United States District Court, Central District of Illinois, DanvilleUrbana Division
November 17, 2000
AMANDA SKILLINGS AND ROBERT MONTS, PLAINTIFFS,
THE STATE OF ILLINOIS, ANN PATLA, INDIVIDUALLY AND IN HER CAPACITY AS THE DIRECTOR OF THE STATE OF ILLINOIS DEPARTMENT OF PUBLIC AID, JUDY BARR TOPINKA, INDIVIDUALLY AND IN HER CAPACITY AS TREASURER OF THE STATE OF ILLINOIS, AND CITIBANK, N.A., AS ESCROW AGENT UNDER THE CIGARETTE MASTER SETTLEMENT AGREEMENT AND THE SMOKELESS TOBACCO MASTER SETTLEMENT AGREEMENT, DEFENDANTS.
The opinion of the court was delivered by: Baker, District Judge.
In November 1998, the State of Illinois, along with forty-five
other states, entered into a settlement agreement with various
tobacco companies. This settlement, known as the Master
Settlement Agreement ("M.S.A."), covered a wide variety of
claims.
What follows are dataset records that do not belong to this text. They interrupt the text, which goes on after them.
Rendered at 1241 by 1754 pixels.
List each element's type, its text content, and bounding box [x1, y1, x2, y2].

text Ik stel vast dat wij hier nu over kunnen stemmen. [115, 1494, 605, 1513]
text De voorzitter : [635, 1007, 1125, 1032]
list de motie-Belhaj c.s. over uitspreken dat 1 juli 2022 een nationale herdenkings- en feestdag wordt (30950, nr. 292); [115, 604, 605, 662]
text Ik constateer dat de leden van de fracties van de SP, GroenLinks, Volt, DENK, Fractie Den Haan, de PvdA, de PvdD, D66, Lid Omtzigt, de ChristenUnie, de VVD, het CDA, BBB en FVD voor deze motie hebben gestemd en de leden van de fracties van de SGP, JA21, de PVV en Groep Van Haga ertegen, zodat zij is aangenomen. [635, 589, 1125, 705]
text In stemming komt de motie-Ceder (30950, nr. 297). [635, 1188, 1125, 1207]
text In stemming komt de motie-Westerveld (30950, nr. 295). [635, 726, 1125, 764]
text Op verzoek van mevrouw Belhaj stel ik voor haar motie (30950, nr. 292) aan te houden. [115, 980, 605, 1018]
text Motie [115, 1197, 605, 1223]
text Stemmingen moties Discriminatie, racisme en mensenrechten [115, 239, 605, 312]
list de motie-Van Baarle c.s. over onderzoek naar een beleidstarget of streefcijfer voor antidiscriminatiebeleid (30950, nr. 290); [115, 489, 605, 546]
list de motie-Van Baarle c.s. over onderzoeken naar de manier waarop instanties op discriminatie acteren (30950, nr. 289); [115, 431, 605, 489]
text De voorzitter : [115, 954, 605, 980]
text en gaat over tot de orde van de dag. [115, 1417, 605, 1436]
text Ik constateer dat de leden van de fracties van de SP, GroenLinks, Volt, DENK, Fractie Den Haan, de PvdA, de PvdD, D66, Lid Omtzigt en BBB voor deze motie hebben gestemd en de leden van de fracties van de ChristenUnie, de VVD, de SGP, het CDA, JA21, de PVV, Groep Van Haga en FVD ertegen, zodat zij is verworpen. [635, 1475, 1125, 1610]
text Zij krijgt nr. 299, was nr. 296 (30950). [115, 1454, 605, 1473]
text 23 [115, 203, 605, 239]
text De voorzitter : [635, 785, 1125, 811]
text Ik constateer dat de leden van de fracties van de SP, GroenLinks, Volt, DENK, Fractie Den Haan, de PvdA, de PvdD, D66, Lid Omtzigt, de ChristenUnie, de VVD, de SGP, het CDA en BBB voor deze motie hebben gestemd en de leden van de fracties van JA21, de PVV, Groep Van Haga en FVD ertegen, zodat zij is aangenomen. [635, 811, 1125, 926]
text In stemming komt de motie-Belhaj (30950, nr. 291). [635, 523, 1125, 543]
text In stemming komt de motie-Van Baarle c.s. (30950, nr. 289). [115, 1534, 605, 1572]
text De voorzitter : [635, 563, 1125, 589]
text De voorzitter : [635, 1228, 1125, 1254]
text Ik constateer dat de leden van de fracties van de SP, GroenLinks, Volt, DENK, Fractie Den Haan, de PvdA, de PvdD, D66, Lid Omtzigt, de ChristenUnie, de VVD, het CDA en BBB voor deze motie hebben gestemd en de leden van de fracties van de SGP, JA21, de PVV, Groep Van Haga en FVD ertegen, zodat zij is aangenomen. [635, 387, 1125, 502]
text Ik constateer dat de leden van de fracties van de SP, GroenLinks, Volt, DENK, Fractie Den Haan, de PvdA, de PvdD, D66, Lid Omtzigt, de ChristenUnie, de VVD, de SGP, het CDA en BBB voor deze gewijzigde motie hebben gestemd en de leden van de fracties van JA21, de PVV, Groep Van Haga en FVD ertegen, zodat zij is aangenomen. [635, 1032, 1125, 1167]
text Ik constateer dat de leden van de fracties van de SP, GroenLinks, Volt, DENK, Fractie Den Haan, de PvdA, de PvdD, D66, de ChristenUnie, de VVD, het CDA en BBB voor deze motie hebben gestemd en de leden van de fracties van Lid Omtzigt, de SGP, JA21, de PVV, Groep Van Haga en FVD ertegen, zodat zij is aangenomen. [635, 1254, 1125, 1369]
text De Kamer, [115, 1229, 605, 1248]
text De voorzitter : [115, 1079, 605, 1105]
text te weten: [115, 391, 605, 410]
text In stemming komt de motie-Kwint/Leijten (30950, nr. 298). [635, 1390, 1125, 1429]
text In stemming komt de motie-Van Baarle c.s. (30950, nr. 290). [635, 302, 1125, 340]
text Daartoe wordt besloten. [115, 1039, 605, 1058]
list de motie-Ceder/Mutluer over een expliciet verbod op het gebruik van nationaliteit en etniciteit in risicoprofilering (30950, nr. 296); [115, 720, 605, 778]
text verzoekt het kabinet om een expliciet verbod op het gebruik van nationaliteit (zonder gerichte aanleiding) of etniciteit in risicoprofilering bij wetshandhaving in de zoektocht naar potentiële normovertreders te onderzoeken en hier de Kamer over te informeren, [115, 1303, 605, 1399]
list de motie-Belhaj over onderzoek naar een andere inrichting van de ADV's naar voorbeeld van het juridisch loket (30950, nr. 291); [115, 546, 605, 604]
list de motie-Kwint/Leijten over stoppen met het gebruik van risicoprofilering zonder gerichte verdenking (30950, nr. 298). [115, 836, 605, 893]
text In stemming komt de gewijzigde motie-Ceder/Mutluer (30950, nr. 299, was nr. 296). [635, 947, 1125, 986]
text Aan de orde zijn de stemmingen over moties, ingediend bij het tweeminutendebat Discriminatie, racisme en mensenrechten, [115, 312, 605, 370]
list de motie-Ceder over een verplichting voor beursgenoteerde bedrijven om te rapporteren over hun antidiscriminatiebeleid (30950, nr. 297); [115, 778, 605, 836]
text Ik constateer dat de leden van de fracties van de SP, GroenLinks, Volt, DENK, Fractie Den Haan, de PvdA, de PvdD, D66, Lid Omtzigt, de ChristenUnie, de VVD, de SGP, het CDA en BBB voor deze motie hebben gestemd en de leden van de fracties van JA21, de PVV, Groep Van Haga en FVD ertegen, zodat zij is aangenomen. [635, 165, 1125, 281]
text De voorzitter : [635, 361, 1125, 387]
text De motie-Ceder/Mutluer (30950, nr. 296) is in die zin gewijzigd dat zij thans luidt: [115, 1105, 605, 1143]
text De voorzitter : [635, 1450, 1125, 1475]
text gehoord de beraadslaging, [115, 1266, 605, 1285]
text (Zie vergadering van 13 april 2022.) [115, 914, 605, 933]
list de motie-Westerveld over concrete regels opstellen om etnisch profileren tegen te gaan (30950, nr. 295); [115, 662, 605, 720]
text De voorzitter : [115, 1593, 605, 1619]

As part of its recovery, the State was reimbursed for
money it spent to treat its public aid recipients'
The plaintiffs are Medicaid recipients. They seek a portion of
the State's recovery under the M.S.A., alleging that they are
entitled to share in potential future proceeds of the settlement
to the extent those proceeds exceed expenditures on their behalf.
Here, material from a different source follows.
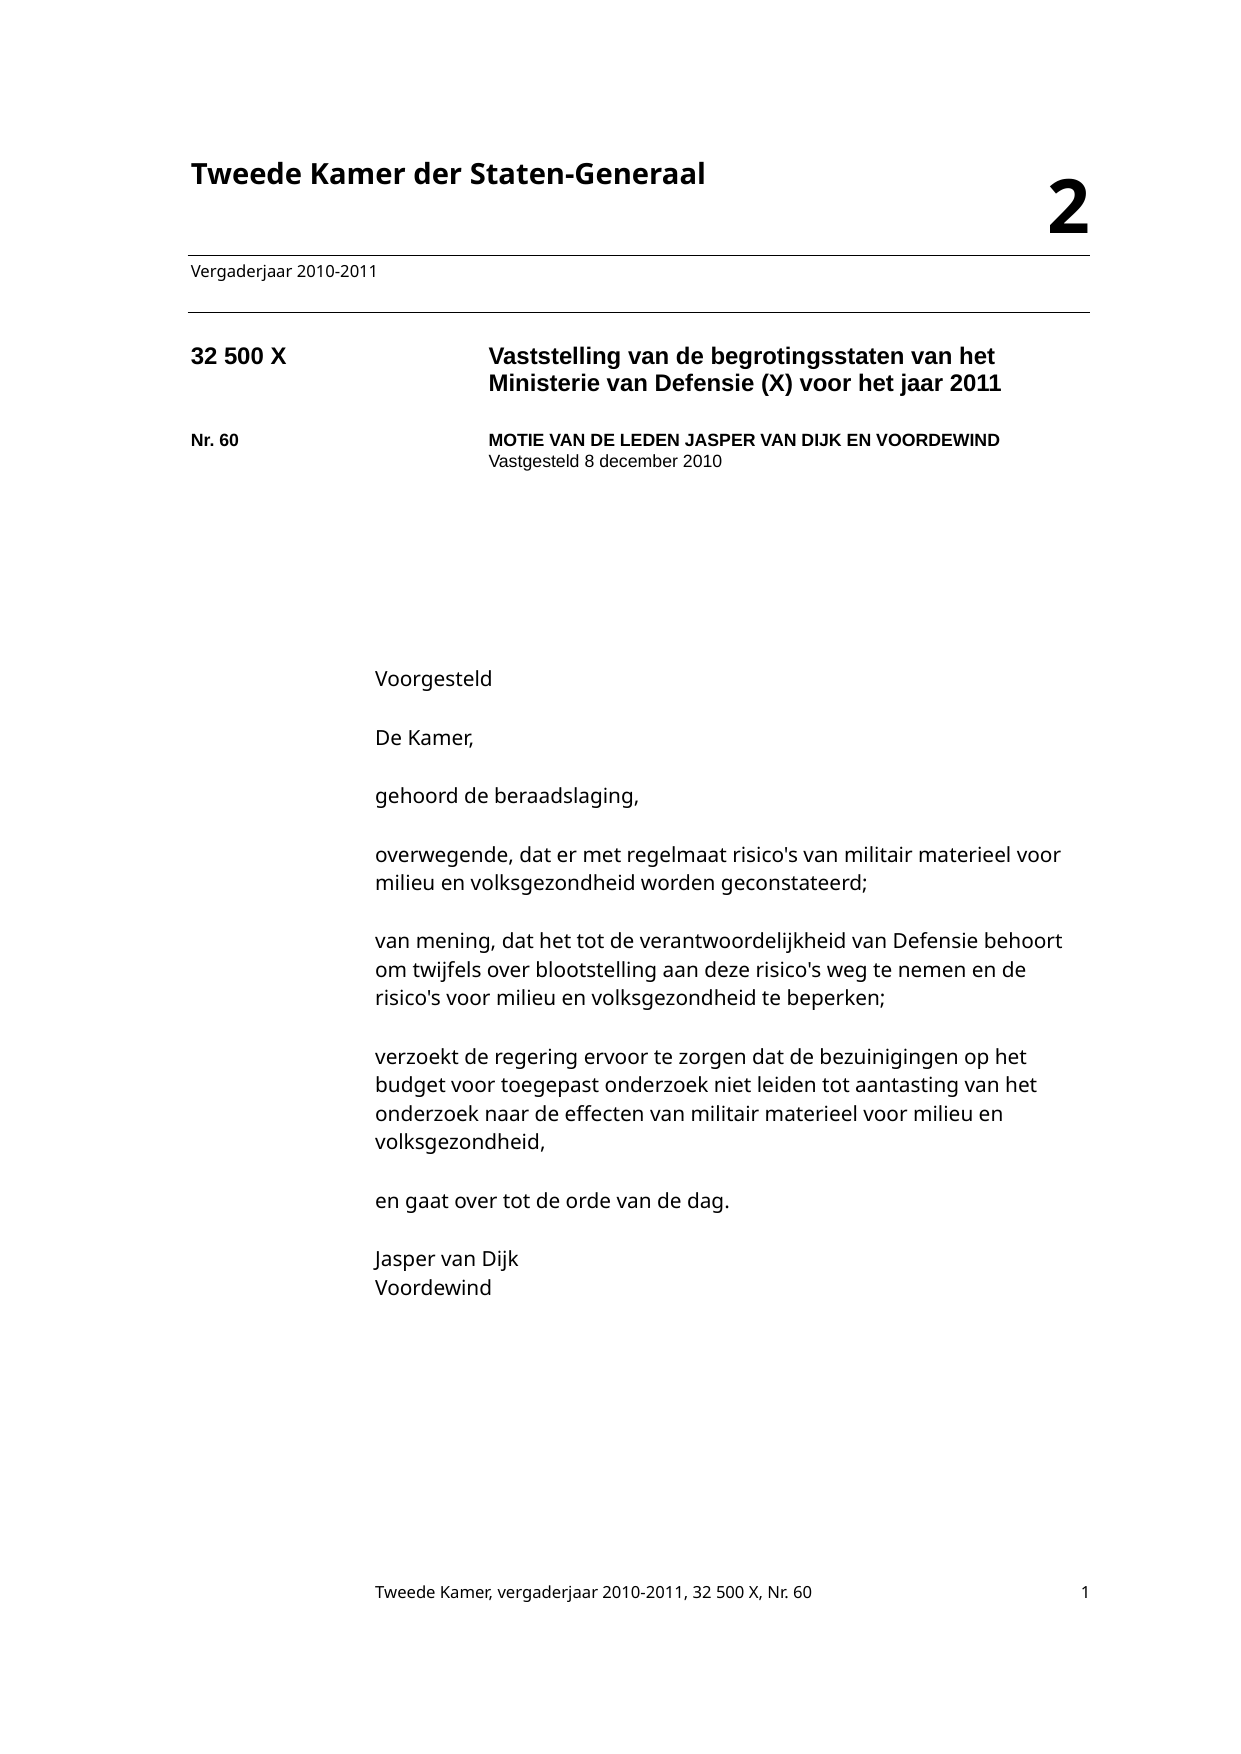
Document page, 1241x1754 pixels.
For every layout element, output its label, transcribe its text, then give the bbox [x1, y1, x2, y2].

Specifically, Count I alleges that Illinois officials Ann Patla
and Judy Barr Topinka violated 42 U.S.C. § 1983, the Fifth and
Fourteenth Amendments to the United States Constitution, and
42 U.S.C. § 1396. Count II alleges that the State of Illinois has
deprived the plaintiffs of due process of law in violation of the
Fifth and Fourteenth Amendments. Counts III and IV allege common
law breach of contract. Finally, Count V alleges that the State
violated Title XIX of the Social Security Act.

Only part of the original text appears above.